Well, now I can know what everyone’s talking about.

Saw TPOTC on Saturday, as it turned out. Michael came up with the idea of me and Katie seeing it at the big AMC theater in Newport, KY, so he could take Joseph to the Newport Aquarium, all in the same complex, Newport on the Levee, during our absence. Good idea.

Much has already been written about this, and I suppose over the next few days, I’ll talk about various aspects of it with you all.

First, I’m glad this film exists, for a lot of reasons. It reinvents and reinvigorates the genre of the Biblically-based film and gives new life to films that seek to take spirituality seriously. Why?
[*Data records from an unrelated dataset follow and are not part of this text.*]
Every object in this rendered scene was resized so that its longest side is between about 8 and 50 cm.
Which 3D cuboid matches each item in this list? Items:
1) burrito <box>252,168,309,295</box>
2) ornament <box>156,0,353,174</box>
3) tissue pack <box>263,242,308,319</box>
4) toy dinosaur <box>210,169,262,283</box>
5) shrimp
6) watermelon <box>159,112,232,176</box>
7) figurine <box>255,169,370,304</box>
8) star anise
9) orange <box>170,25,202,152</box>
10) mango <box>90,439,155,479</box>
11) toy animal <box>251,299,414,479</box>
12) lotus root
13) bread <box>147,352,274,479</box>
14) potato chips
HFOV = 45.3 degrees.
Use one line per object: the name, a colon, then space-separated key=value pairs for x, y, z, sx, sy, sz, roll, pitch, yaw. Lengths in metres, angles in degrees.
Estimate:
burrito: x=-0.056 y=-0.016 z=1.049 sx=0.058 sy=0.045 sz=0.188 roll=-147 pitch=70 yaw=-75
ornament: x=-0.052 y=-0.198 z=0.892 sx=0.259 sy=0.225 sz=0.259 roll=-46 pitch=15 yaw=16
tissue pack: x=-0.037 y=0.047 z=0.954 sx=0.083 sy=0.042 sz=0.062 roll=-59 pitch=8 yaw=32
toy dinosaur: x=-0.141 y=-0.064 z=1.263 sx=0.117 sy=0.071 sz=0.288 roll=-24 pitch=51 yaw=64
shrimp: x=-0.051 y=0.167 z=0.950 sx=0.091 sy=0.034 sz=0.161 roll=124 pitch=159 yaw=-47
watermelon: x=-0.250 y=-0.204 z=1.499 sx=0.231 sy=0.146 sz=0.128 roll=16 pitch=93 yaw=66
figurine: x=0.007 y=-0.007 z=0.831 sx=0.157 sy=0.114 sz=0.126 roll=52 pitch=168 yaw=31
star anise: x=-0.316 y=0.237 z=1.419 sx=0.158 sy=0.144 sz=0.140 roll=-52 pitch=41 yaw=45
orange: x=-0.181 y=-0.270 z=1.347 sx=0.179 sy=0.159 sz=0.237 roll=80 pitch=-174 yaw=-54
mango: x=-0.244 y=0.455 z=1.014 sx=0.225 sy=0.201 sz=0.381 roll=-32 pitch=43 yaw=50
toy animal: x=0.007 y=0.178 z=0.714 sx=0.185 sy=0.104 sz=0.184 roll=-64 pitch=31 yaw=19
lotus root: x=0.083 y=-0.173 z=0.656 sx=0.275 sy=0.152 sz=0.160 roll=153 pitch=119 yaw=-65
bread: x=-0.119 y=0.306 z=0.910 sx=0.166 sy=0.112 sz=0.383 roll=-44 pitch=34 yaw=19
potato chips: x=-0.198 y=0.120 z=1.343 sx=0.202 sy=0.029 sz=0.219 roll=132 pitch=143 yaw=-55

First of all, because it’s fearless. That, of course, is what drains the life of any potential treatment of faith-related issues on film: fear. Fear of bad box office, fear of offending the wrong people.

Drains the life out of any film, any work of art, as a matter of fact.

But Gibson, in his own mind, had nothing to lose, so this film holds little back – and I don’t mean in terms of violence, but rather in terms of what, from his head, ends up on the screen.

It’s probably in vain, but the existence of this film, bolstered by its apparent great financial success, sparked some faint hope within me that perhaps a path has been cleared for more work of this kind, not just to be conceived, but also born out of the film industry and its satellites – work that expresses the breadth, depth, diversity and passion that drives faith …and doubt as well.

As I watched the film, and reflected on the imagery and the violence, everything I’d heard said about it before I saw it, and what I was viewing, it came to me quite clearly that what hardly anyone seemed to understand was what this film was basically about..

Which is sin.

This is what sin is, and this is what sin does. It devastates, shreds and kills. It separates human beings from each other and divides them within. Innocents are laid waste and mothers weep. Gibson is saying – this is what I have done, this is what you have done, and these are the consequences. In telling the story of Jesus, the Passion tells this story through the story of one innocent victim. Which, of course, is the point, Christians say.

So yes, the violence was horrific, and part of that emerges from Gibson’s penchant for gore. But the way it works, in the context of this film, is as an unflinching gaze on the consequences of what we have done and what we have failed to do on our humanity, so loved by God he took it as his own.